Está en la página 1de 2

Capítulo 5 No hay marcha atrás: entonces, hacia delante

Antes una pequeña historia.


Te prometí que te iba a contar la historia de cómo mi hermano logró superar los
ataques de pánico, y aquí está. Yo ni siquiera sabía que los había padecido, me lo
contó mi madre cuando empecé a sufrir mi propia odisea con el miedo aterrador. El
relato sobre mi hermano fue la segunda luz que alumbró mi particular viacrucis. La
tercera, un simple vídeo en Internet, resultó la definitiva.

La historia de mi hermano se inicia, como otras muchas, con la crisis, y la necesidad


de buscar empleo surja de donde surja. Había pasado varios años trabajando en
Madrid, en una multinacional. Allí encajaba bastante bien, y se encontraba
razonablemente cómodo, pero echaba de menos su tierra. De forma que a la
primera ocasión se trasladó cerca de su familia. La empresa, que en tiempos había
sido pública, y aún conservaba algunos ribetes de su estadio inicial, concedía a los
trabajadores que se iban un periodo de gracia, unos cinco años aproximadamente,
para volver si se arrepentían y durante ese periodo surgía un puesto adecuado para
ellos.

Estalló la crisis. Mi hermano ya estaba en casa, pero el nuevo trabajo implicaba sus
más y sus menos. Entre los menos, un compañero inaguantable que se empeñaba
en hacerle la vida imposible, a falta de algo mejor a que dedicar su tiempo. El caso
es que acabó también dimitiendo de esta plaza.
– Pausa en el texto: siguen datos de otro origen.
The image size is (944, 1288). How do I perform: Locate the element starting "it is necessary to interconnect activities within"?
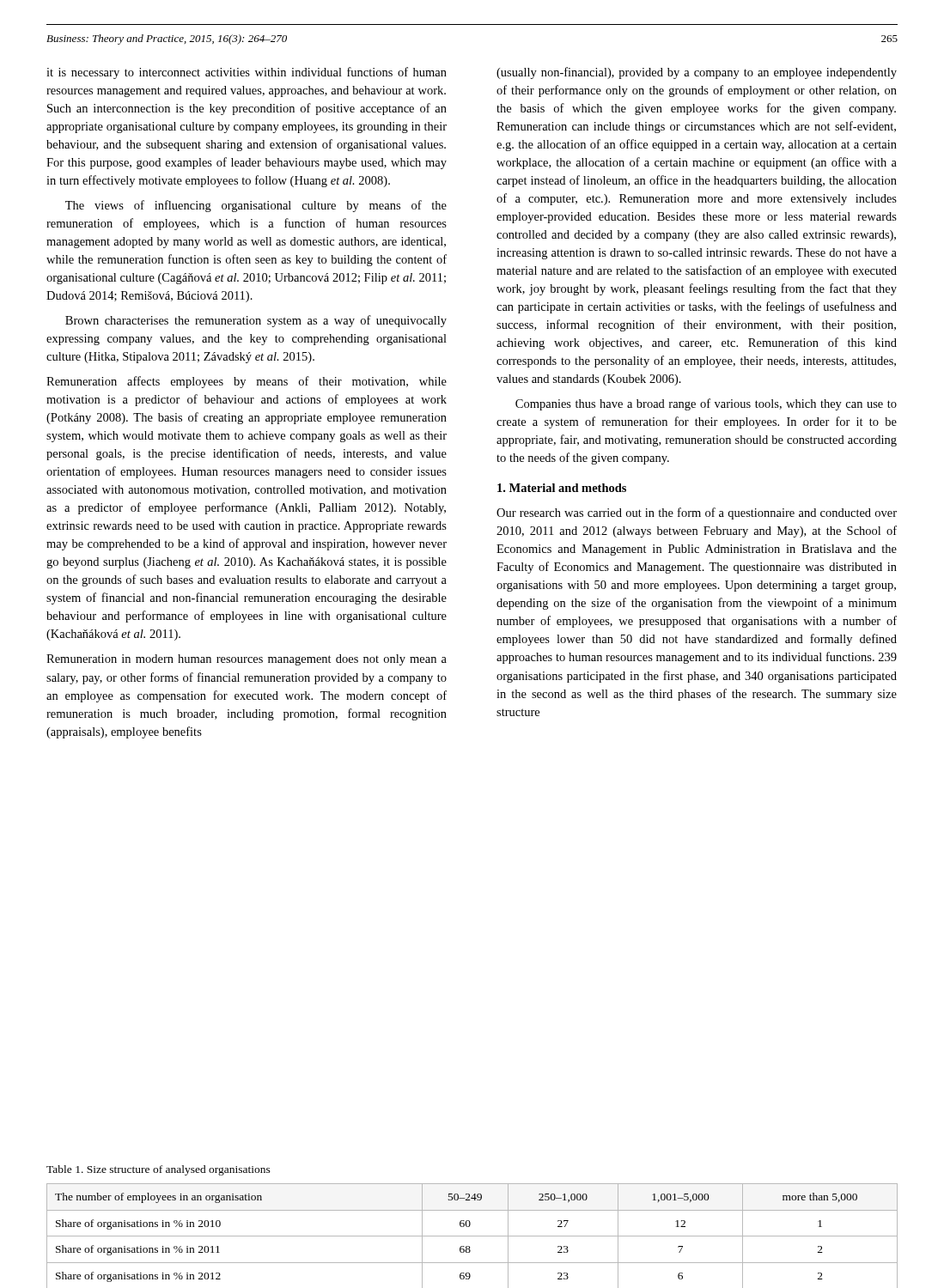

En mala hora. Estalló la crisis, y las esperanzas de encontrar otro trabajo de forma
fácil y rápida se fueron al traste, al igual que caían muchas empresas. Puesto en el
brete, mi hermano empezó a considerar la posibilidad de regresar a Madrid. No le
hacía mucha gracia la gran ciudad, con su estilo acelerado de vida y sus
aglomeraciones, pero lo cierto es que había estado muy considerado en el puesto
y sus jefes y compañeros lo apreciaban mucho. En cuanto insinuó que podría
‘reinsertarse’, varios de esos colegas apuntaron a un puesto que iba a quedar
vacante próximamente y que, le decían, le vendría como anillo al dedo.
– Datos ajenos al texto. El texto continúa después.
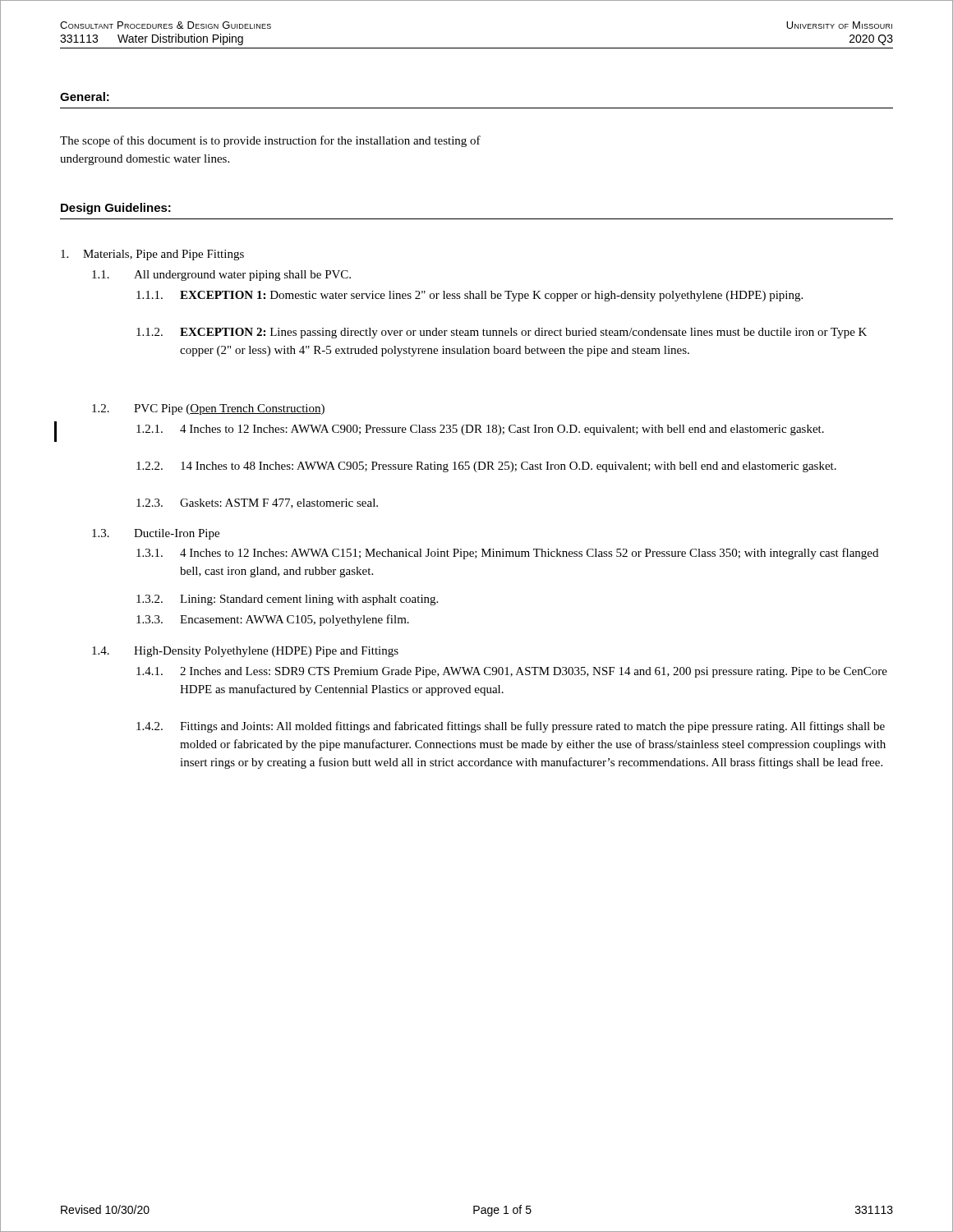Select the text starting "1.1. EXCEPTION 1: Domestic water service lines"

[x=514, y=296]

Decidido pues a no seguir en el paro mucho tiempo, agarró las maletas, alquiló un
pisito en el extrarradio de la metrópoli, que era lo que podía permitirse, y volvió al
redil de las grandes empresas. Resignado con su suerte de tener que vivir lejos de
casa.
Activar el monólogo interior
El cuerpo, sin embargo, no estaba tan conforme. Él había oído el monólogo interior
de mi hermano y sabía que, pese a todas las ventajas aparentes, aquel arreglo en
el fondo no le convencía del todo. De modo que, ¿adivina qué? Decidió echarle una
mano. O forzar un poco la suerte, por decirlo de otro modo. Si mi hermano
necesitaba un empujoncito para regresar “donde el corazón te lleva”, el cuerpo iba
a dárselo. Y a lo grande. He aquí que sobreviene el ataque. Sin más ni más, a los
pocos días de retornar al trabajo, mi hermano tiene un ataque de asfixia bestial. Le
parece que se ahoga, y hasta teme estar sufriendo un infarto. Acude al médico, que
le receta los consabidos ansiolíticos y benzodiazepinas. Vamos, pastillitas a gogó.

Sabes que no es nada físico: la vía mental


Mi hermano oye atónito en la consulta que en realidad no le pasa nada físico. En un
primer momento se trae consigo las pastillas cuando vuelve a su tierra a pasar unos
días de descanso después de las crisis. Teme no poder regresar al trabajo. Pero
luego reflexiona: si todo es mental, entonces no tiene sentido la medicación. Y como
un jabato, decide afrontar los ataques por sus medios.
Y vence. Tras dos o tres intentonas, se ve libre de los ataques para siempre jamás.
Con las pastillas guardaditas en el cajón, y sin usar. Luchando en el medio de un
avión que lo llevaba de regreso a Madrid contra la sensación de que se estaba
asfixiando y que pronto no tendría aire para respirar y estaría muerto.